Die Auftragsproduktion stehe im Zusammenhang mit einem Wirkstoffprojekt des Tokioter Unternehmens. Der Geschäftsführer von Saltigo, Wolfgang Schmitz, zeigte sich sehr zufrieden: „Daiichi Sankyo ist eines der größten Pharmaunternehmen im weltweit zweitgrößten Pharmamarkt und hat sich entschlossen, mit Saltigo als einem ebenfalls weltweit geschätzten Custom Manufacturing-Partner zusammenzuarbeiten.

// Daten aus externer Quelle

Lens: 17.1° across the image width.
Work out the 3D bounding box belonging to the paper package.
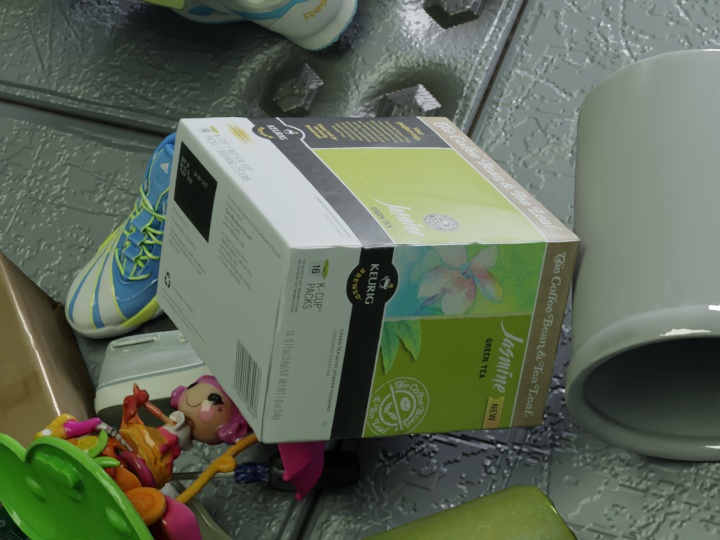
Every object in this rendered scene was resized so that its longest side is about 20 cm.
[{"bbox_3d":[-0.288,0.113,1.662,0.199,0.104,0.191,-30,57,6],"label":"paper package"}]

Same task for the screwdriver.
[{"bbox_3d":[-0.099,0.136,1.565,0.199,0.028,0.029,-5,31,-6],"label":"screwdriver"}]

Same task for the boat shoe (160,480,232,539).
[{"bbox_3d":[-0.103,0.215,1.555,0.072,0.068,0.200,-17,50,-36],"label":"boat shoe"}]

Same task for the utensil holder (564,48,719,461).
[{"bbox_3d":[0.210,-0.010,1.461,0.169,0.170,0.201,-8,59,21],"label":"utensil holder"}]

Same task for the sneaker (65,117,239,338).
[{"bbox_3d":[-0.142,-0.040,1.675,0.200,0.105,0.076,-40,55,0],"label":"sneaker"}]

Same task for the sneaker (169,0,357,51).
[{"bbox_3d":[-0.093,-0.224,1.762,0.199,0.081,0.077,18,73,41],"label":"sneaker"}]

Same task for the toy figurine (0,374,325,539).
[{"bbox_3d":[-0.111,0.118,1.517,0.184,0.151,0.199,-32,37,-29],"label":"toy figurine"}]

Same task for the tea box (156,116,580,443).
[{"bbox_3d":[0.000,0.000,1.484,0.195,0.134,0.200,-2,26,-23],"label":"tea box"}]

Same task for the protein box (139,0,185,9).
[{"bbox_3d":[-0.185,-0.310,1.715,0.200,0.134,0.200,-139,63,-68],"label":"protein box"}]

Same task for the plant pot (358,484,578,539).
[{"bbox_3d":[0.049,0.222,1.407,0.183,0.201,0.201,-25,55,-9],"label":"plant pot"}]

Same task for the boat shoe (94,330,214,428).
[{"bbox_3d":[-0.091,0.056,1.622,0.200,0.070,0.072,-12,63,22],"label":"boat shoe"}]
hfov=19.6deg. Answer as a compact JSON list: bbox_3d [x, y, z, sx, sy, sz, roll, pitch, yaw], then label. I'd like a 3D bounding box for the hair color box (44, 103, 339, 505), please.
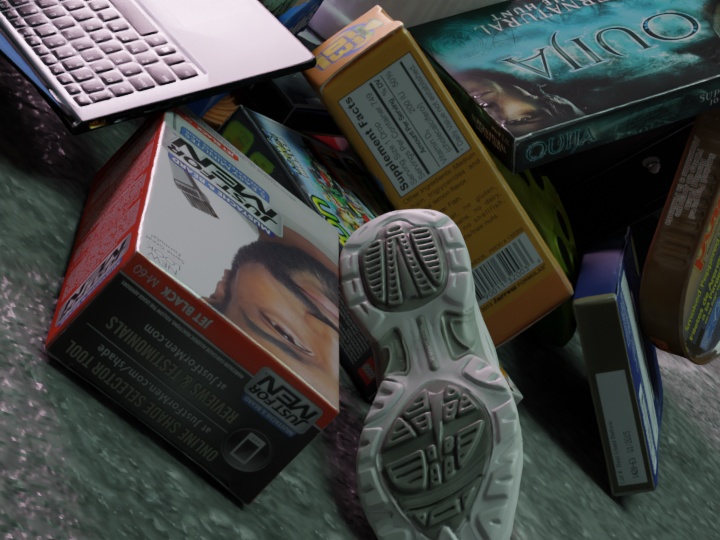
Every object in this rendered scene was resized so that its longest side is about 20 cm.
[{"bbox_3d":[-0.068,0.006,0.923,0.111,0.064,0.200,39,18,-16],"label":"hair color box"}]

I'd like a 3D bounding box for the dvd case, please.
[{"bbox_3d":[-0.029,-0.138,1.312,0.150,0.025,0.200,49,25,25],"label":"dvd case"}]

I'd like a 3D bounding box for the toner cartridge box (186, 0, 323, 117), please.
[{"bbox_3d":[-0.086,-0.157,1.188,0.095,0.043,0.200,36,26,0],"label":"toner cartridge box"}]

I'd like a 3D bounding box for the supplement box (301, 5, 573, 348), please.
[{"bbox_3d":[0.044,-0.054,1.218,0.200,0.069,0.067,58,-2,-22],"label":"supplement box"}]

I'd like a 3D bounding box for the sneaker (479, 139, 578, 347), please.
[{"bbox_3d":[0.084,-0.029,1.334,0.200,0.083,0.074,57,26,-34],"label":"sneaker"}]

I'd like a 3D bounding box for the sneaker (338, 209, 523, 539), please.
[{"bbox_3d":[0.043,0.071,0.976,0.099,0.078,0.200,62,19,-51],"label":"sneaker"}]

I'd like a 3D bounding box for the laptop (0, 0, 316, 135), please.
[{"bbox_3d":[-0.150,-0.162,0.988,0.200,0.116,0.187,-17,41,-23],"label":"laptop"}]

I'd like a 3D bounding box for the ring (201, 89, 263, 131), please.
[{"bbox_3d":[-0.136,-0.147,1.213,0.200,0.019,0.200,39,18,-16],"label":"ring"}]

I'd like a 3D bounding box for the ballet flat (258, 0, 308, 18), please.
[{"bbox_3d":[-0.048,-0.185,1.159,0.074,0.074,0.200,34,26,-30],"label":"ballet flat"}]

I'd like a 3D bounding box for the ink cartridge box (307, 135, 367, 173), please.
[{"bbox_3d":[-0.028,-0.144,1.415,0.176,0.045,0.200,31,21,-39],"label":"ink cartridge box"}]

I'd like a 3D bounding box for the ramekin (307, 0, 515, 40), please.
[{"bbox_3d":[0.032,-0.203,1.372,0.202,0.094,0.202,31,23,-15],"label":"ramekin"}]

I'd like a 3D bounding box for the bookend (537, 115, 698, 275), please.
[{"bbox_3d":[0.195,-0.062,1.443,0.200,0.199,0.092,29,43,-44],"label":"bookend"}]

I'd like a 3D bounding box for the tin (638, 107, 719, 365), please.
[{"bbox_3d":[0.231,-0.040,1.324,0.042,0.200,0.112,19,-4,28],"label":"tin"}]

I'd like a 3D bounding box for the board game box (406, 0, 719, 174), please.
[{"bbox_3d":[0.145,-0.130,1.274,0.200,0.028,0.135,-19,42,-21],"label":"board game box"}]

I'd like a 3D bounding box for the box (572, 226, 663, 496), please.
[{"bbox_3d":[0.164,0.051,1.312,0.200,0.032,0.121,-53,131,-73],"label":"box"}]

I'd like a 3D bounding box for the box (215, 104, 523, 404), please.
[{"bbox_3d":[0.000,0.000,1.145,0.110,0.035,0.200,22,27,-51],"label":"box"}]
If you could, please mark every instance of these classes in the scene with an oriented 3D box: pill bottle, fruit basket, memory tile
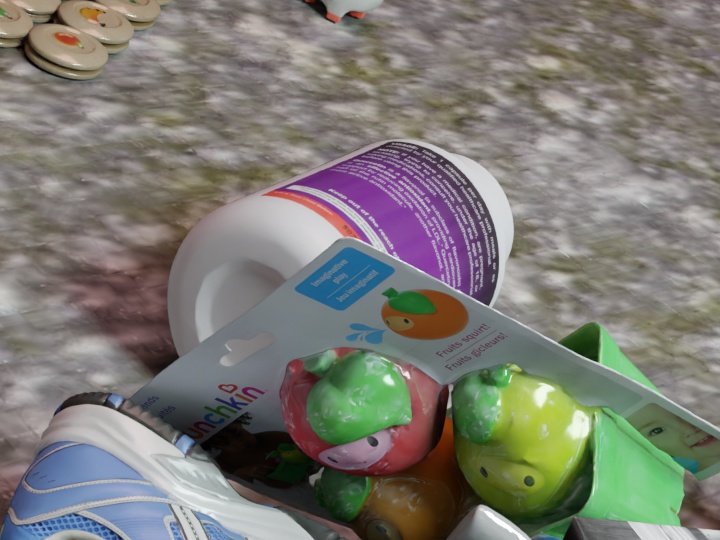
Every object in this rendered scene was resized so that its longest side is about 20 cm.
[{"bbox_3d":[0.000,0.000,0.969,0.112,0.113,0.200,33,29,19],"label":"pill bottle"},{"bbox_3d":[0.022,0.071,0.772,0.199,0.185,0.094,22,54,-29],"label":"fruit basket"},{"bbox_3d":[-0.206,-0.184,1.237,0.152,0.017,0.200,24,27,1],"label":"memory tile"}]

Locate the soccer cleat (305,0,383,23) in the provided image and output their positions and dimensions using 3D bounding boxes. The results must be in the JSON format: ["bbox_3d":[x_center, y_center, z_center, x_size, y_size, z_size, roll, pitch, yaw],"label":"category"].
[{"bbox_3d":[-0.057,-0.255,1.408,0.199,0.078,0.069,34,29,19],"label":"soccer cleat"}]

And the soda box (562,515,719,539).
[{"bbox_3d":[0.157,0.137,0.668,0.199,0.064,0.071,8,34,-22],"label":"soda box"}]

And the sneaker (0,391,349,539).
[{"bbox_3d":[-0.052,0.132,0.764,0.199,0.076,0.077,30,54,7],"label":"sneaker"}]

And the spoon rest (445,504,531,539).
[{"bbox_3d":[0.045,0.176,0.677,0.060,0.100,0.201,24,44,-10],"label":"spoon rest"}]
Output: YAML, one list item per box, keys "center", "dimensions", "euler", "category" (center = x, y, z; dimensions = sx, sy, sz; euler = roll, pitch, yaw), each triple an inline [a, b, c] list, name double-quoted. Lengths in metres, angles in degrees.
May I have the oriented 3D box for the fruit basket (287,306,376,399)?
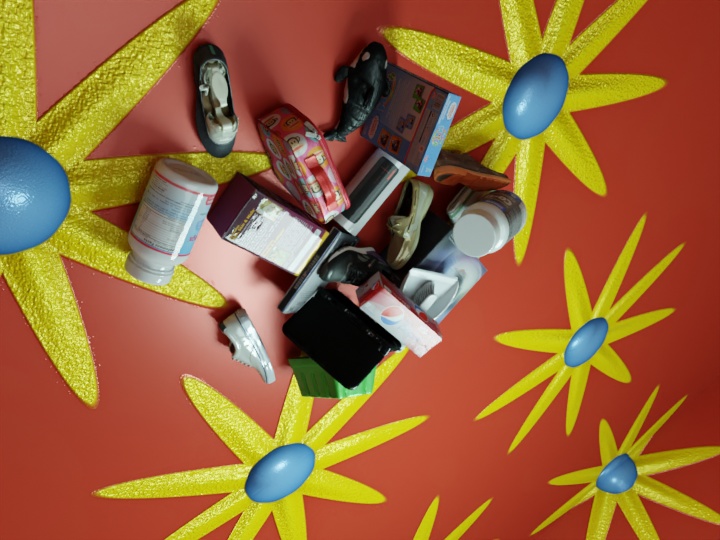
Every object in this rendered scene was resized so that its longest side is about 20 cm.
- center: [-0.054, 0.177, 1.482]
  dimensions: [0.155, 0.216, 0.216]
  euler: [-2, 120, -36]
  category: "fruit basket"

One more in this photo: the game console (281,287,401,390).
- center: [-0.035, 0.140, 1.401]
  dimensions: [0.117, 0.200, 0.176]
  euler: [-52, 165, 7]
  category: "game console"

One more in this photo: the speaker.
- center: [0.021, -0.170, 1.348]
  dimensions: [0.200, 0.081, 0.081]
  euler: [-50, 135, 4]
  category: "speaker"

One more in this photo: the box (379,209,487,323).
- center: [0.155, -0.003, 1.530]
  dimensions: [0.198, 0.123, 0.200]
  euler: [-48, 135, 0]
  category: "box"

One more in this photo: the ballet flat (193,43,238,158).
- center: [-0.237, -0.269, 1.101]
  dimensions: [0.073, 0.073, 0.201]
  euler: [-19, 129, -25]
  category: "ballet flat"

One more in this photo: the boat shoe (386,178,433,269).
- center: [0.091, -0.103, 1.437]
  dimensions: [0.066, 0.074, 0.201]
  euler: [24, 80, -33]
  category: "boat shoe"

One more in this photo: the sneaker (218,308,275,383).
- center: [-0.240, 0.167, 1.406]
  dimensions: [0.071, 0.073, 0.200]
  euler: [-25, 123, -8]
  category: "sneaker"

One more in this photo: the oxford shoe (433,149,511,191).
- center: [0.249, -0.224, 1.466]
  dimensions: [0.199, 0.073, 0.071]
  euler: [8, 158, -30]
  category: "oxford shoe"

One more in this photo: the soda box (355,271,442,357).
- center: [0.081, 0.093, 1.375]
  dimensions: [0.070, 0.063, 0.200]
  euler: [-40, 121, 16]
  category: "soda box"

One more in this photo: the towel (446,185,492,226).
- center: [0.276, -0.130, 1.580]
  dimensions: [0.149, 0.031, 0.200]
  euler: [-50, 138, -13]
  category: "towel"

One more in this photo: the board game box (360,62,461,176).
- center: [0.087, -0.283, 1.232]
  dimensions: [0.037, 0.200, 0.152]
  euler: [3, 118, -38]
  category: "board game box"

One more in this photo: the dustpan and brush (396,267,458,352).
- center: [0.121, 0.095, 1.446]
  dimensions: [0.139, 0.057, 0.200]
  euler: [11, 127, -31]
  category: "dustpan and brush"

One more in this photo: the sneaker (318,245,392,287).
- center: [0.000, 0.000, 1.373]
  dimensions: [0.200, 0.088, 0.076]
  euler: [-14, 140, -55]
  category: "sneaker"

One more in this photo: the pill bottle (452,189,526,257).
- center: [0.281, -0.103, 1.451]
  dimensions: [0.200, 0.114, 0.114]
  euler: [-32, 141, -55]
  category: "pill bottle"

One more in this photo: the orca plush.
- center: [-0.007, -0.314, 1.218]
  dimensions: [0.105, 0.071, 0.200]
  euler: [31, 115, -25]
  category: "orca plush"

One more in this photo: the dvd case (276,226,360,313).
- center: [-0.084, 0.002, 1.377]
  dimensions: [0.200, 0.025, 0.150]
  euler: [-53, 167, 7]
  category: "dvd case"

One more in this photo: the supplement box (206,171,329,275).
- center: [-0.173, -0.085, 1.260]
  dimensions: [0.200, 0.086, 0.110]
  euler: [29, 100, -44]
  category: "supplement box"

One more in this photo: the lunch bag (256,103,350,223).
- center: [-0.096, -0.184, 1.185]
  dimensions: [0.082, 0.176, 0.200]
  euler: [-34, 134, -11]
  category: "lunch bag"

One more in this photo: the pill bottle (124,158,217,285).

Diese Entscheidung von Daiichi Sankyo ist eine große Ehre für uns, stellt sie doch die Weichen für eine Fortsetzung und proaktive Weiterentwicklung unserer Geschäftsbeziehungen.“

Lanxess hatte seine Geschäfte mit der Lohnfertigung für Pharma-, Agrochemie und Spezialchemiefirmen in seiner Tochter Saltigo konzentriert. Das Unternehmen ist Teil des Geschäftsbereichs Advanced Intermediates, der 2012 rund 1,7 Milliarden Euro Umsatz erwirtschaftete.

Das in Tokio angesiedelte Daiichi Sankyo gilt als eines der 20 führenden pharmazeutischen Unternehmen weltweit und beschäftigt etwa 30.000 Mitarbeiter.